TO DO: Please repeat each entry. Match every word exactly.

WORKING DATA:
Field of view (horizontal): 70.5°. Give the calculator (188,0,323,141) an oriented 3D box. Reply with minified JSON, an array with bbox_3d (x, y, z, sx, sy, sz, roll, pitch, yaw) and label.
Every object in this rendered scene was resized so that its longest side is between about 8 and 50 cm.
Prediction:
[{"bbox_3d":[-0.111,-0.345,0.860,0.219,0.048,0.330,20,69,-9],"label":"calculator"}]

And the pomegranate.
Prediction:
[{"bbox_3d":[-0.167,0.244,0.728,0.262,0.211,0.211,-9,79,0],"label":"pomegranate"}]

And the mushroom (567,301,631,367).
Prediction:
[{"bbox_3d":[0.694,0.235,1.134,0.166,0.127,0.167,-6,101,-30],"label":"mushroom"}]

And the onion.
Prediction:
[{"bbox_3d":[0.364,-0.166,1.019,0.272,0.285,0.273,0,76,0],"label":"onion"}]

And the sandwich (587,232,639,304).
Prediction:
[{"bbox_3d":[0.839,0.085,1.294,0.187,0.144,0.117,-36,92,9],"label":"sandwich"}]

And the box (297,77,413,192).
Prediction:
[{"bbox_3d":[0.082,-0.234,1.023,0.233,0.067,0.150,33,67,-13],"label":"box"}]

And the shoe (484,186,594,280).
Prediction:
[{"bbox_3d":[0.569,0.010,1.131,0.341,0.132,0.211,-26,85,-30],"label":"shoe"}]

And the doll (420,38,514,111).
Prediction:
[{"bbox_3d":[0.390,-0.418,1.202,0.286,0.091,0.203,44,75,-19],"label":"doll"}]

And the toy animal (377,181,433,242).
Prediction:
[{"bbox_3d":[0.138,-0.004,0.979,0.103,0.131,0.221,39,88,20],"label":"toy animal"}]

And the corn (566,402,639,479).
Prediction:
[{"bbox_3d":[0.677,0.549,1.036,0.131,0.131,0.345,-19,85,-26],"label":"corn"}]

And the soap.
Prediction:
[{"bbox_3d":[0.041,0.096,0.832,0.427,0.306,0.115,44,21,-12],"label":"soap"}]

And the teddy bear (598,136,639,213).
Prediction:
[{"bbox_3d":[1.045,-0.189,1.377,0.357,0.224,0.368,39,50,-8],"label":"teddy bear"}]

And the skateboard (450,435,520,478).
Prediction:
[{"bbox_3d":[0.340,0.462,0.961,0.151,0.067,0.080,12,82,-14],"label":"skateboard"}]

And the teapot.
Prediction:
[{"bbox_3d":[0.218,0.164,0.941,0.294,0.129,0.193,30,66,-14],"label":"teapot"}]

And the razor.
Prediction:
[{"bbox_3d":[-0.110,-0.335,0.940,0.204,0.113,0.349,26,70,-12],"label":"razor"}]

TASK RESULT:
Field of view (horizontal): 70.5°. Give the calculator (188,0,323,141) an oriented 3D box. Reply with minified JSON, an array with bbox_3d (x, y, z, sx, sy, sz, roll, pitch, yaw) and label.
Every object in this rendered scene was resized so that its longest side is between about 8 and 50 cm.
Prediction:
[{"bbox_3d":[-0.111,-0.345,0.860,0.219,0.048,0.330,20,69,-9],"label":"calculator"}]

And the pomegranate.
Prediction:
[{"bbox_3d":[-0.167,0.244,0.728,0.262,0.211,0.211,-9,79,0],"label":"pomegranate"}]

And the mushroom (567,301,631,367).
Prediction:
[{"bbox_3d":[0.694,0.235,1.134,0.166,0.127,0.167,-6,101,-30],"label":"mushroom"}]

And the onion.
Prediction:
[{"bbox_3d":[0.364,-0.166,1.019,0.272,0.285,0.273,0,76,0],"label":"onion"}]

And the sandwich (587,232,639,304).
Prediction:
[{"bbox_3d":[0.839,0.085,1.294,0.187,0.144,0.117,-36,92,9],"label":"sandwich"}]

And the box (297,77,413,192).
Prediction:
[{"bbox_3d":[0.082,-0.234,1.023,0.233,0.067,0.150,33,67,-13],"label":"box"}]

And the shoe (484,186,594,280).
Prediction:
[{"bbox_3d":[0.569,0.010,1.131,0.341,0.132,0.211,-26,85,-30],"label":"shoe"}]

And the doll (420,38,514,111).
Prediction:
[{"bbox_3d":[0.390,-0.418,1.202,0.286,0.091,0.203,44,75,-19],"label":"doll"}]

And the toy animal (377,181,433,242).
Prediction:
[{"bbox_3d":[0.138,-0.004,0.979,0.103,0.131,0.221,39,88,20],"label":"toy animal"}]

And the corn (566,402,639,479).
Prediction:
[{"bbox_3d":[0.677,0.549,1.036,0.131,0.131,0.345,-19,85,-26],"label":"corn"}]

And the soap.
Prediction:
[{"bbox_3d":[0.041,0.096,0.832,0.427,0.306,0.115,44,21,-12],"label":"soap"}]

And the teddy bear (598,136,639,213).
Prediction:
[{"bbox_3d":[1.045,-0.189,1.377,0.357,0.224,0.368,39,50,-8],"label":"teddy bear"}]

And the skateboard (450,435,520,478).
Prediction:
[{"bbox_3d":[0.340,0.462,0.961,0.151,0.067,0.080,12,82,-14],"label":"skateboard"}]

And the teapot.
Prediction:
[{"bbox_3d":[0.218,0.164,0.941,0.294,0.129,0.193,30,66,-14],"label":"teapot"}]

And the razor.
Prediction:
[{"bbox_3d":[-0.110,-0.335,0.940,0.204,0.113,0.349,26,70,-12],"label":"razor"}]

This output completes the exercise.